I have encountered some difficulties concerning 2SLS estimation when
the endogeneous variable is also used to construct interaction terms.

After digging through the archives, I found a lot of helpful comments
concerning the procedure:

http://www.stata.com/statalist/archive/2012-05/msg00970.html
http://www.stata.com/statalist/archive/2011-08/msg01485.html
http://www.stata.com/statalist/archive/2011-12/msg00705.html
http://www.stata.com/statalist/archive/2010-04/msg00759.html
http://www.stata.com/statalist/archive/2005-05/msg00150.html
http://www.stata.com/statalist/archive/2008-10/msg01009.html
http://www.stata.com/statalist/archive/2004-08/msg00779.html

Following this advice, I am running an equation of the basic form

ivreg2 y ex (en en_ex = z ex_z)

In my case, there are two exogeneous variables interacted with the
endogeneous variable. Furthermore, I need interactions of those
squared exogeneous variables and the endogeneous variables. Leaving
additional control variables and further instruments aside, this

ivreg2 y ex1 ex2 (en ex1_en ex2_en (ex1)^2_en (ex2)^2_en = z ex1_z
ex2_z (ex1)^2_z (ex2)^2_z)

So far, so good. However, I’m not sure as to how exactly examine
instrument relevance and exogeneity, and which statistics/tests to
report.

As regards instrument relevance, as to be assessed by the first stage
F statistic, the F-statistics on “en” clearly differ depending on
whether I instrument solely for “en”, or whether I also instrument for
the linear and non-linear interaction terms built around “en”. Which F
statistic is the correct one to refer to?
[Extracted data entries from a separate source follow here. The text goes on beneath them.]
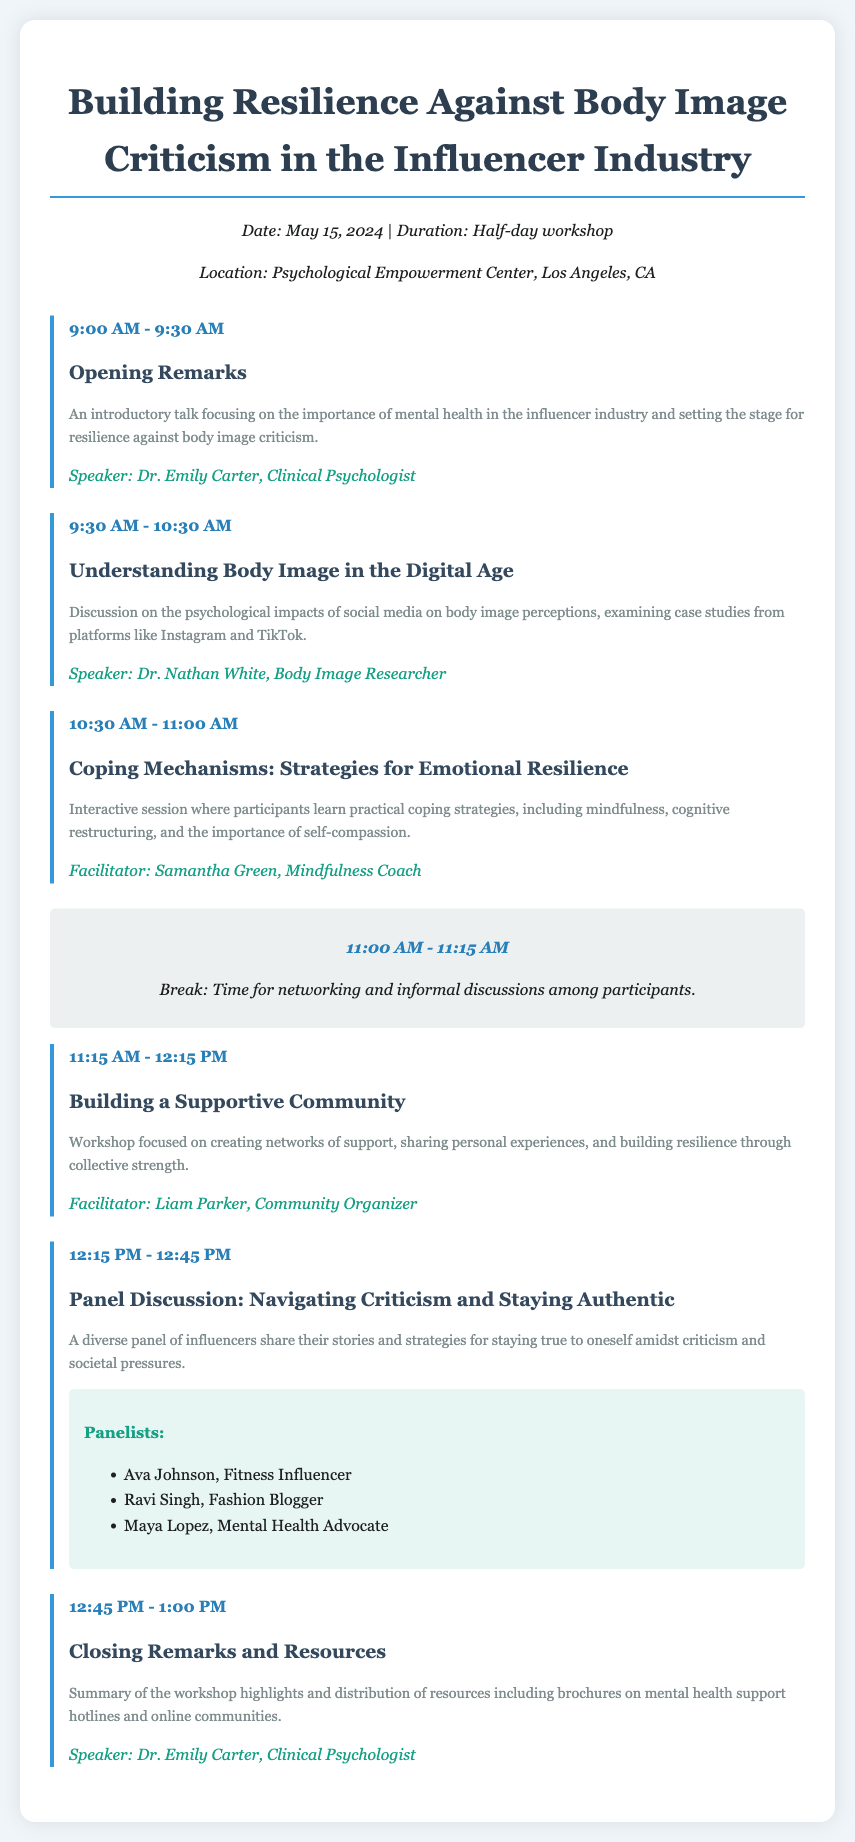What is the date of the workshop? The date of the workshop is clearly stated in the document as May 15, 2024.
Answer: May 15, 2024 Who is the speaker for the opening remarks? The document lists Dr. Emily Carter as the speaker for the opening remarks.
Answer: Dr. Emily Carter What is the title of the session at 9:30 AM? The session scheduled at 9:30 AM is titled "Understanding Body Image in the Digital Age."
Answer: Understanding Body Image in the Digital Age How long is the break scheduled for? The scheduled break is from 11:00 AM to 11:15 AM, which is 15 minutes long.
Answer: 15 minutes What are participants expected to learn in the coping mechanisms session? The session focuses on learning practical coping strategies, including mindfulness, cognitive restructuring, and self-compassion.
Answer: Practical coping strategies Who are the panelists in the panel discussion? The document lists Ava Johnson, Ravi Singh, and Maya Lopez as the panelists.
Answer: Ava Johnson, Ravi Singh, Maya Lopez What is the location of the workshop? The workshop will take place at the Psychological Empowerment Center, Los Angeles, CA.
Answer: Psychological Empowerment Center, Los Angeles, CA What is the focus of the session titled "Building a Supportive Community"? This session focuses on creating networks of support, sharing personal experiences, and building resilience.
Answer: Creating networks of support

Considering I have multiple instruments Z, I am also not sure which
overidentification tests and results I should rely on and report.  As
holds for the F statistics, the tests of overidentifying restrictions
(Sargan N*R-sq test as well as Basmann test) provided by both ivreg2
and overid differ between instrumenting solely “en” or also for the
interaction terms build around “en”.

Any help is greatly appreciated!
Jason